How to get the name of the input file in a Perl one-liner?
-
08-10-2019 - |
Question
cat monday.csv
223.22;1256.4
227.08;1244.8
228.08;1244.7
229.13;1255.0
227.89;1243.2
224.77;1277.8
cat tuesday.csv
227.02;1266.3
227.09;1234.9
225.18;1244.7
224.13;1255.3
228.59;1263.2
224.70;1247.6
This Perl one-liner gives me the row with the highest value in the second column from the rows where in the first column the first 3 digits are 227 or 226 from the file "monday.csv":
$ perl -F\; -ane '$hash{$_} = $F[1] if /22[78]/; END{ print and exit for sort{ $hash{$b} <=> $hash{$a} } keys %hash }' monday.csv
This Perl one-liner gives me the row with the highest value in the second column from the rows where in the first column the first 3 digits are 227 or 226 from all *day.csv files :
$ perl -F\; -ane '$hash{$_} = $F[1] if /22[78]/; END{ print and exit for sort{ $hash{$b} <=> $hash{$a} } keys %hash }' *day.csv
How could I rewrite this one-liner to get an output:
filename : "row with the highest value in the second column from the rows where in the first column the first 3 digits are 227 or 226 from the file 'filename.csv'"
for each *day.csv
file?
Solution
You can use $ARGV
for the current file name. If you're only interested in the max, no need to store all the values and then sort them; instead, just store the max for each file.
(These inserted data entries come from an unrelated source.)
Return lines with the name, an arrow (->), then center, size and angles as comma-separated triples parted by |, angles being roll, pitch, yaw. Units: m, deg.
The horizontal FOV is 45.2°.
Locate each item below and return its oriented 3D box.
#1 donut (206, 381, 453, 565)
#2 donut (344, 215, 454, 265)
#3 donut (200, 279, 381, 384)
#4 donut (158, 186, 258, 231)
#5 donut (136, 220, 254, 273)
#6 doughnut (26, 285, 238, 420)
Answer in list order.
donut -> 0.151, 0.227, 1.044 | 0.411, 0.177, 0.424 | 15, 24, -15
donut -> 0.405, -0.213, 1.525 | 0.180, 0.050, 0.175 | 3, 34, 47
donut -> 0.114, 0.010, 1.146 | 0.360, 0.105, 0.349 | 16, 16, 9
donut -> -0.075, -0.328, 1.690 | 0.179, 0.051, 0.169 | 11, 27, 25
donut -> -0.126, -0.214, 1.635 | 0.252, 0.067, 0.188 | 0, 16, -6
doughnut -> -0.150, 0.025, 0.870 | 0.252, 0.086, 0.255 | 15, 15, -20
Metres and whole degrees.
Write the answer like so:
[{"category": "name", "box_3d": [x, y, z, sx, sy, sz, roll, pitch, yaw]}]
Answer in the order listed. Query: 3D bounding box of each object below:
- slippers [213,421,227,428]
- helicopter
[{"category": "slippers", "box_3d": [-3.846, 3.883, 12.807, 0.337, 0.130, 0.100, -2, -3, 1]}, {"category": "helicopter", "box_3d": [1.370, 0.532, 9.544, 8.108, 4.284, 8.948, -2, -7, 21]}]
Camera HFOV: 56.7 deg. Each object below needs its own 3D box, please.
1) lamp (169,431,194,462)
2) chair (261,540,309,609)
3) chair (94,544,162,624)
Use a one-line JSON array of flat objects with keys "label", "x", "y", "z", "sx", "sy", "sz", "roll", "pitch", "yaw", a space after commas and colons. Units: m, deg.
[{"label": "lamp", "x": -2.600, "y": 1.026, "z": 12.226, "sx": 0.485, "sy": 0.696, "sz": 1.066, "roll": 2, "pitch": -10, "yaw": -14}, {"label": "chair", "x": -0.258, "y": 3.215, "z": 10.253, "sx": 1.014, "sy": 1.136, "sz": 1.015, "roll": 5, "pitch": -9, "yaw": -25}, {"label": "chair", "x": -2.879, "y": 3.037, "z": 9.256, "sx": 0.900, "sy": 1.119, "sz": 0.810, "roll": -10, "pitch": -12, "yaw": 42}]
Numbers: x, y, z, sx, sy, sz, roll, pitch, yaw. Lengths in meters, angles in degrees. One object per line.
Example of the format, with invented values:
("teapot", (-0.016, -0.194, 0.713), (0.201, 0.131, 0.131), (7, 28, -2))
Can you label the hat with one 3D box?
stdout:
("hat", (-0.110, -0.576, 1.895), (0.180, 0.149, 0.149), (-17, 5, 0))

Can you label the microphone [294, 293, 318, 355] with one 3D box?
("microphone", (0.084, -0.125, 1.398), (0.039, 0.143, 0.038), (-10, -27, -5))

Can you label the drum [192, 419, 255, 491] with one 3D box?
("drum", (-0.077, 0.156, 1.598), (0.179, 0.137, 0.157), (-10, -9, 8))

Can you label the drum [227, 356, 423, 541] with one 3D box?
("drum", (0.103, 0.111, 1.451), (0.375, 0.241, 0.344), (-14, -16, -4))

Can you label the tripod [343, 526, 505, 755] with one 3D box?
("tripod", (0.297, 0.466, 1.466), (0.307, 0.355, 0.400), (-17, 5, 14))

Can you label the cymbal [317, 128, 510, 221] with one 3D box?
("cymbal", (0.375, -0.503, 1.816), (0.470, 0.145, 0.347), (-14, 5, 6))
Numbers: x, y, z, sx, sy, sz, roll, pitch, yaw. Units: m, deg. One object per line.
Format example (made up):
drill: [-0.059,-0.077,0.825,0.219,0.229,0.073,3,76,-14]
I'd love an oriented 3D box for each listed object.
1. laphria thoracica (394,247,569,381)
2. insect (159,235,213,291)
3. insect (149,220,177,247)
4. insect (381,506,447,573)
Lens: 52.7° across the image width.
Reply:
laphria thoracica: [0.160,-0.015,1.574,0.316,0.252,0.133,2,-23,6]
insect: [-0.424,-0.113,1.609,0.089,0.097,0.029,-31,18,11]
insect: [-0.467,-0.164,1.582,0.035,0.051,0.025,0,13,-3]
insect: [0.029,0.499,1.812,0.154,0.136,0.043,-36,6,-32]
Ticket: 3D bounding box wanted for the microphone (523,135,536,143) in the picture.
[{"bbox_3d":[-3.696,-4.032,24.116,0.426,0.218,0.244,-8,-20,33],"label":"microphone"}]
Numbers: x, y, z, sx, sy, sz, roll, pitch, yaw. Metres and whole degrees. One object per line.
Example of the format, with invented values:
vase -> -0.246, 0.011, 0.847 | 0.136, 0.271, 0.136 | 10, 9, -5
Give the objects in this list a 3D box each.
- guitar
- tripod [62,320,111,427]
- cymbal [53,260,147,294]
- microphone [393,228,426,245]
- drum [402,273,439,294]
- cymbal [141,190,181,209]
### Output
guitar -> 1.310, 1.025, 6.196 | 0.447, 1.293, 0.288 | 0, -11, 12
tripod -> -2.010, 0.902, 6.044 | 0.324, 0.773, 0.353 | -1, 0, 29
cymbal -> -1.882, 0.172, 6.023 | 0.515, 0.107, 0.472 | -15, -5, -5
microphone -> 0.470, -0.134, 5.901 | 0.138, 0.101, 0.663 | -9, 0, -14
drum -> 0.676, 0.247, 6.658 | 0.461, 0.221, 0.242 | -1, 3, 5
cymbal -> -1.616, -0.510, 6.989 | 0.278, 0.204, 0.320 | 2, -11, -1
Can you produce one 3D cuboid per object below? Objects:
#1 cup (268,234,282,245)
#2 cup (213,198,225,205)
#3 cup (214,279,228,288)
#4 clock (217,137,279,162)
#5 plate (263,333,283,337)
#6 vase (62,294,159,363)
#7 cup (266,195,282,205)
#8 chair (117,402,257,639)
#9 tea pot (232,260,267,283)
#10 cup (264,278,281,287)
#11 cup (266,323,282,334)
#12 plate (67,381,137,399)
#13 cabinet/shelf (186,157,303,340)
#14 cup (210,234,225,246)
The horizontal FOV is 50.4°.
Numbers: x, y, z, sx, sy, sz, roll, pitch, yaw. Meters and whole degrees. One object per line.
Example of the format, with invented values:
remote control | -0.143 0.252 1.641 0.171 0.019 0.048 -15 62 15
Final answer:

Also, your regex probably should be anchored to the start of the line.
# Line breaks added for display purposes.
perl -F\; -ane '
$max{$ARGV} = $F[1] if /^22[78]/ and $F[1] > $max{$ARGV};
END{ print "$_\t$max{$_}" for sort keys %max}
' *day.csv
Or, if you want to store the entire line where the max occurs:
perl -F\; -ane '
($max{$ARGV}{ln}, $max{$ARGV}{mx}) = ($_, $F[1])
if /^22[78]/ and $F[1] > $max{$ARGV}{mx};
END{ print "$_\t$max{$_}{ln}" for sort keys %max}
' *day.csv
OTHER TIPS
The filename is contained in the $ARGV
variable:
$ARGV
contains the name of the current file when reading from <>.
However, the one-liners presented have an issue; what if you have repeated values of your first column?
A better one-liner would be:
$ perl -F/;/ -MList::Util=max -lane 'push @{ $wanted{$ARGV} }, $F[1] if $F[0] =~ /22[78]/; } END { print "$ARGV : ", max(@{ $wanted{$_} }) for keys %wanted;' *.csv
Based on the comment:
$ perl -F/;/ -lane '$wanted{$ARGV} = \@F if $F[1] >= $wanted->{$ARGV}[1] && $F[0] =~ /22[78]/; } END { print "$_ : @$wanted{$_}" for keys %wanted;' *.csv
Seems that you can use $ARGV. See "current filename"
If I would like the whole row, I could do this (based on FM's answer):
perl -F\; -ane '$max{$ARGV} = $_ if /^22[78]/ and $F[1] >= (split /;/, $max{$ARGV})[1]; END{ print "$_\t$max{$_}" for sort keys %max}' *day.csv
I found a shorter solution.
all files:
perl -F\; -anE '$max{$ARGV} = [@F] if /^22[78]/ and $F[1] >= $max{$ARGV}->[1]; END{ print "$_\t@{$max{$_}}" for sort keys %max}' *day.csv
one file:
perl -F\; -anE '$max = [@F] if /^22[78]/ and $F[1] >= $max->[1]; END{ print "@$max" }' monday.csv
or if there is not much space available
perl -F\; -anE'$m{$ARGV}=[@F]if/^22[78]/&&$F[1]>=$$m{$ARGV}[1]}print"$_\t@{$m{$_}}"for sort keys%m;{' *day.csv
perl -F\; -anE'$m=[@F]if/^22[78]/&&$F[1]>=$$m[1]}print"@$m";{' monday.csv
As Zaid revealed: to get the last row with the highest value in case of repeated highest values in a file I changed the "$F[1] > $max..."-part to "$F[1] >= $max".